What to produce. Copy each line of the data beneath in which the word "revision" appears.

═════ Data to examine ═════

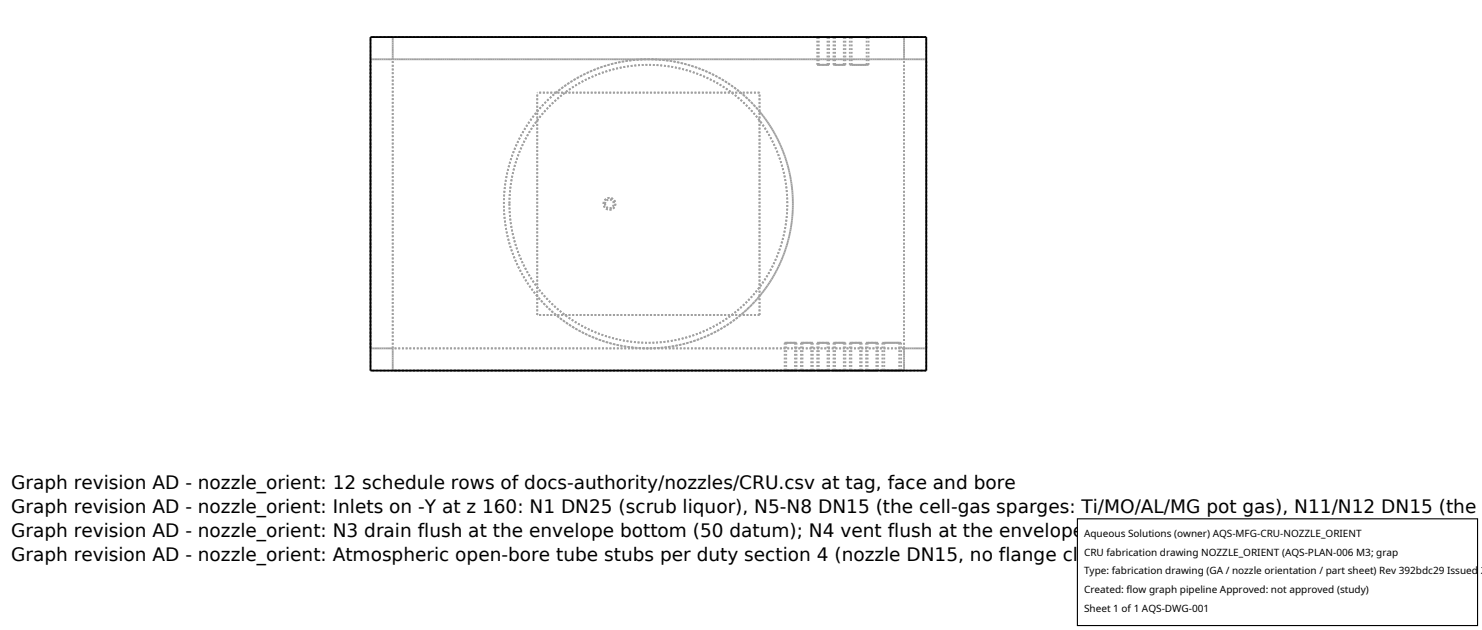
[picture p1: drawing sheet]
<svg xmlns="http://www.w3.org/2000/svg" width="212mm" height="90mm" viewBox="0 0 212 90" stroke-linecap="round" stroke-linejoin="round" font-family="sans-serif">
<defs><g id="words">
<g font-size="2.6">
<text x="1.6" y="69.8">Graph revision AD - nozzle_orient: 12 schedule rows of docs-authority/nozzles/CRU.csv at tag, face and bore</text>
<text x="1.6" y="73.3">Graph revision AD - nozzle_orient: Inlets on -Y at z 160: N1 DN25 (scrub liquor), N5-N8 DN15 (the cell-gas sparges: Ti/MO/AL/MG pot gas), N11/N12 DN15 (the</text>
<text x="1.6" y="76.7">Graph revision AD - nozzle_orient: N3 drain flush at the envelope bottom (50 datum); N4 vent flush at the envelope top (800 datum is the box top)</text>
<text x="1.6" y="80.2">Graph revision AD - nozzle_orient: Atmospheric open-bore tube stubs per duty section 4 (nozzle DN15, no flange class); the gas rows stay on their gas edges,</text>
</g>
<g font-size="1.4">
<text x="154.8" y="76.6">Aqueous Solutions (owner) AQS-MFG-CRU-NOZZLE_ORIENT</text>
<text x="154.8" y="79.3">CRU fabrication drawing NOZZLE_ORIENT (AQS-PLAN-006 M3; grap</text>
<text x="154.8" y="82">Type: fabrication drawing (GA / nozzle orientation / part sheet) Rev 392bdc29 Issued 2</text>
<text x="154.8" y="84.7">Created: flow graph pipeline Approved: not approved (study)</text>
<text x="154.8" y="87.4">Sheet 1 of 1 AQS-DWG-001</text>
</g>
</g></defs>
<g fill="none" stroke="#a0a0a0" stroke-width=".26" stroke-dasharray=".3 .3" stroke-linecap="butt">
<path d="M52.9 8.5h3.2M56.1 8.5h73M56.1 8.5v-3.2M56.1 5.3v3.2M56.1 8.5h-3.2M76.7 15.9v-2.7M76.7 15.9l1.3-1.4 1.4-1.3M79.4 13.2h-2.7M79.4 13.2l1.5-1.1 1.4-.9 1.7-.8 1.6-.7 3.4-.9 1.7-.2 1.8-.1 2 .1 1.7 .2 3.4 .9 1.7 .7 1.6 .8 1.4 .9 1.5 1.1M105.8 13.2h-26.4M105.8 13.2l1.4 1.3 1.3 1.4M108.5 13.2h-31.8"/>
<path d="M108.5 13.2h-2.7M108.5 15.9v-2.7M108.5 15.9l1.1 1.5 .9 1.4 .8 1.7 .7 1.6 .9 3.4 .3 1.7v1.8v2l-.3 1.7-.9 3.4-.7 1.7-.8 1.6-.9 1.4-1.1 1.5M116.7 9.3v-4M116.7 9.3h1.7M116.7 5.3h1.7M116.9 9.3v-4M116.9 9.3h1.3M116.9 5.3h1.3M118.2 9.3h-1.3M118.2 5.3h-1.3M118.2 5.3v4"/>
<path d="M118.4 9.3h-1.7M118.4 5.3h-1.7M118.4 5.3v4M119 9.3v-4M119 9.3h1.7M119 5.3h1.7M119.3 9.3v-4M119.3 9.3h1.2M119.3 5.3h1.2M120.5 9.3h-1.2M120.5 5.3h-1.2M120.5 5.3v4"/>
<path d="M120.7 9.3h-1.7M120.7 5.3h-1.7M120.7 5.3v4M121.4 9.3v-4M121.4 9.3h2.6M121.4 5.3h2.6M121.6 9.3v-4M121.6 9.3h2.2M121.6 5.3h2.2M123.8 9.3h-2.2M123.8 5.3h-2.2M123.8 5.3v4"/>
<path d="M124 9.3h-2.6M124 5.3h-2.6M124 5.3v4M129.1 5.3h-73M129.1 8.5h3.2M129.1 8.5v-3.2M129.1 5.3v3.2M129.1 8.5h-73M132.3 5.3h-79.4M132.3 8.5h-3.2M72 29.1l.1-1.9 .2-1.7 .9-3.4 .7-1.6 .8-1.7 .9-1.4 1.1-1.5M72 29.1l.1-2.2 .3-1.9 .5-1.9 .6-1.8 .9-2 1.1-1.7 1.2-1.7 1.3-1.4 1.5-1.3 1.6-1.3 1.7-1 1.9-.8 1.7-.7 2-.5 2-.3 2.1-.1 2.1 .1 2 .2 2 .5 1.8 .7 1.9 .9 1.7 1 1.7 1.2 1.4 1.3 1.5 1.6 1.1 1.6 1.1 1.7 .8 1.8 .7 2 .5 2 .3 2 .1 1.9-.1 2.1-.2 1.9-.5 2-.7 2-.8 1.6-1.1 1.9-1.2 1.7-1.4 1.5-1.5 1.4-1.6 1.1-1.6 1-1.9 .9-1.9 .7-2 .5-2.1 .3-1.9 .1-2.1-.1-2-.3-1.9-.4-1.9-.7-1.8-.8-1.9-1.1-1.6-1.3-1.5-1.3-1.3-1.4-1.2-1.7-1.1-1.7-.9-2-.6-1.8-.5-1.9-.3-1.9-.1-2.2"/>
<path d="M72.8 29.1v1.8l.3 2 .5 2 .7 1.8 .8 1.8 1 1.6 1.1 1.5 1.3 1.5 1.4 1.3 1.5 1.1 1.7 1 1.8 .9 1.8 .6 1.9 .5 2 .3 1.9 .1h2l1.9-.3 2-.5 1.8-.7 1.7-.8 1.7-1 1.6-1.1 1.5-1.4 1.3-1.5 1.1-1.5 1-1.6 .8-1.7 .6-1.8 .5-1.9 .4-2v-1.9v-2.1l-.3-1.8-.5-1.9-.6-1.8-.9-1.9-1-1.6-1.1-1.5-1.3-1.5-1.5-1.4-1.6-1.1-1.7-1-1.7-.8-1.8-.7-1.9-.4-2-.3-1.8-.1h-1.9l-1.9 .3-2 .5-1.8 .6-1.7 .8-1.8 1.1-1.5 1.1-1.5 1.4-1.4 1.5-1.1 1.5-1 1.6-.8 1.9-.7 1.8-.5 1.9-.3 2v1.8M86.2 29.1l.2-.6 .6-.2 .6 .2 .3 .6-.2 .6-.6 .2-.6-.2-.3-.6M86.4 29.1l.2-.4 .4-.2 .5 .1 .2 .5-.2 .4-.4 .2-.5-.1-.2-.5M52.9 52.9v-47.6M52.9 49.7h3.2M52.9 49.7v-41.2M56.1 49.7v-41.2M56.1 52.9v-3.2M56.1 49.7v3.2M56.1 49.7h-3.2M76.7 45v-31.8M76.7 45v-2.7"/>
<path d="M76.7 42.3v-26.4M76.7 42.3l-1.1-1.5-.9-1.4-.8-1.6-.7-1.7-.9-3.4-.2-1.7-.1-1.9M79.4 45h-2.7M79.4 45l-1.4-1.3-1.3-1.4M105.8 45h-26.4M105.8 45l-1.5 1.1-1.4 .9-1.6 .8-1.7 .7-3.4 .9-1.7 .3h-1.8h-2l-1.7-.3-3.4-.9-1.6-.7-1.7-.8-1.4-.9-1.5-1.1M108.5 45v-31.8M108.5 45h-31.8M108.5 45v-2.7M108.5 42.3v-26.4M108.5 45h-2.7M108.5 42.3l-1.3 1.4-1.4 1.3"/>
<path d="M112.1 48.9v4M112.1 48.9h1.7M112.1 52.9h1.7M112.3 48.9v4M112.3 48.9h1.2M112.3 52.9h1.2M113.5 48.9h-1.2M113.5 52.9h-1.2M113.5 52.9v-4M113.8 48.9h-1.7M113.8 52.9h-1.7M113.8 52.9v-4"/>
<path d="M114.4 48.9v4M114.4 48.9h1.7M114.4 52.9h1.7M114.6 48.9v4M114.6 48.9h1.3M114.6 52.9h1.3M115.9 48.9h-1.3M115.9 52.9h-1.3M115.9 52.9v-4M116.1 48.9h-1.7M116.1 52.9h-1.7M116.1 52.9v-4"/>
<path d="M116.7 48.9v4M116.7 48.9h1.7M116.7 52.9h1.7M116.9 48.9v4M116.9 48.9h1.3M116.9 52.9h1.3M118.2 48.9h-1.3M118.2 52.9h-1.3M118.2 52.9v-4M118.4 48.9h-1.7M118.4 52.9h-1.7M118.4 52.9v-4"/>
<path d="M119 48.9v4M119 48.9h1.7M119 52.9h1.7M119.3 48.9v4M119.3 48.9h1.2M119.3 52.9h1.2M120.5 48.9h-1.2M120.5 52.9h-1.2M120.5 52.9v-4M120.7 48.9h-1.7M120.7 52.9h-1.7M120.7 52.9v-4"/>
<path d="M121.4 48.9v4M121.4 48.9h1.7M121.4 52.9h1.7M121.6 48.9v4M121.6 48.9h1.2M121.6 52.9h1.2M122.8 48.9h-1.2M122.8 52.9h-1.2M122.8 52.9v-4M123.1 48.9h-1.7M123.1 52.9h-1.7M123.1 52.9v-4"/>
<path d="M123.7 48.9v4M123.7 48.9h1.7M123.7 52.9h1.7M123.9 48.9v4M123.9 48.9h1.3M123.9 52.9h1.3M125.2 48.9h-1.3M125.2 52.9h-1.3M125.2 52.9v-4M125.4 48.9h-1.7M125.4 52.9h-1.7M125.4 52.9v-4"/>
<path d="M126 48.9v4M126 48.9h2.7M126 52.9h2.7M126.3 48.9v4M126.3 48.9h2.1M126.3 52.9h2.1M128.4 48.9h-2.1M128.4 52.9h-2.1M128.4 52.9v-4M128.7 48.9h-2.7M128.7 52.9h-2.7M128.7 52.9v-4"/>
<path d="M129.1 52.9h-73M129.1 49.7h-73M129.1 49.7v-41.2M129.1 49.7h3.2M129.1 52.9v-3.2M129.1 49.7v3.2M132.3 52.9v-47.6M132.3 49.7v-41.2M132.3 52.9h-79.4M132.3 49.7h-3.2"/>
</g>
<path d="M52.9 5.3h79.4v47.6h-79.4z" fill="none" stroke="#000" stroke-width=".26"/>
<path d="M153.9 74.1h57.1v15.2h-57.1z" fill="#fff" stroke="#000" stroke-width=".16"/>
<use href="#words"/>
</svg>

═════

Solved exercise.
<text x="1.6" y="69.8">Graph revision AD - nozzle_orient: 12 schedule rows of docs-authority/nozzles/CRU.csv at tag, face and bore</text>
<text x="1.6" y="73.3">Graph revision AD - nozzle_orient: Inlets on -Y at z 160: N1 DN25 (scrub liquor), N5-N8 DN15 (the cell-gas sparges: Ti/MO/AL/MG pot gas), N11/N12 DN15 (the</text>
<text x="1.6" y="76.7">Graph revision AD - nozzle_orient: N3 drain flush at the envelope bottom (50 datum); N4 vent flush at the envelope top (800 datum is the box top)</text>
<text x="1.6" y="80.2">Graph revision AD - nozzle_orient: Atmospheric open-bore tube stubs per duty section 4 (nozzle DN15, no flange class); the gas rows stay on their gas edges,</text>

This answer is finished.